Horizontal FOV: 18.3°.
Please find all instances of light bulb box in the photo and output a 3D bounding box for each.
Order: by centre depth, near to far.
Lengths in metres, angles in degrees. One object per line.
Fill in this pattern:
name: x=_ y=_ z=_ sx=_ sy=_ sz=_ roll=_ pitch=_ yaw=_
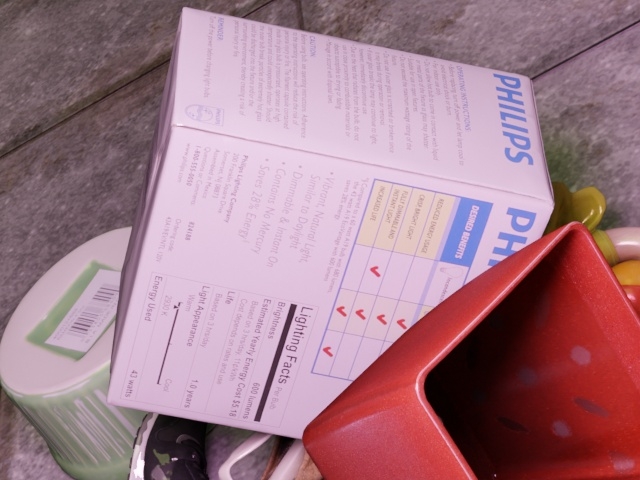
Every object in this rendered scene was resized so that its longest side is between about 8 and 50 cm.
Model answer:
light bulb box: x=0.000 y=0.000 z=1.971 sx=0.225 sy=0.361 sz=0.358 roll=-90 pitch=15 yaw=-52

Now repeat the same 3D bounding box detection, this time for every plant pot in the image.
plant pot: x=0.148 y=0.181 z=1.774 sx=0.236 sy=0.267 sz=0.267 roll=-20 pitch=16 yaw=50

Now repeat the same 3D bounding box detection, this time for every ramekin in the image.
ramekin: x=-0.237 y=0.125 z=2.362 sx=0.303 sy=0.148 sz=0.303 roll=-25 pitch=36 yaw=20

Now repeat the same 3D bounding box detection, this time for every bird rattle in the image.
bird rattle: x=0.280 y=0.063 z=1.977 sx=0.207 sy=0.143 sz=0.253 roll=-2 pitch=49 yaw=20

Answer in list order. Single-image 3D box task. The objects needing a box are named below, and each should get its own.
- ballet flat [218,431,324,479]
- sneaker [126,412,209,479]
ballet flat: x=-0.064 y=0.285 z=2.028 sx=0.116 sy=0.124 sz=0.342 roll=-16 pitch=38 yaw=57
sneaker: x=-0.145 y=0.291 z=2.152 sx=0.124 sy=0.107 sz=0.283 roll=-1 pitch=51 yaw=23

* * *

> **What you have to do**
The reply should consist solely of the number of lines in the records that include "each".

> **Expected answer**
2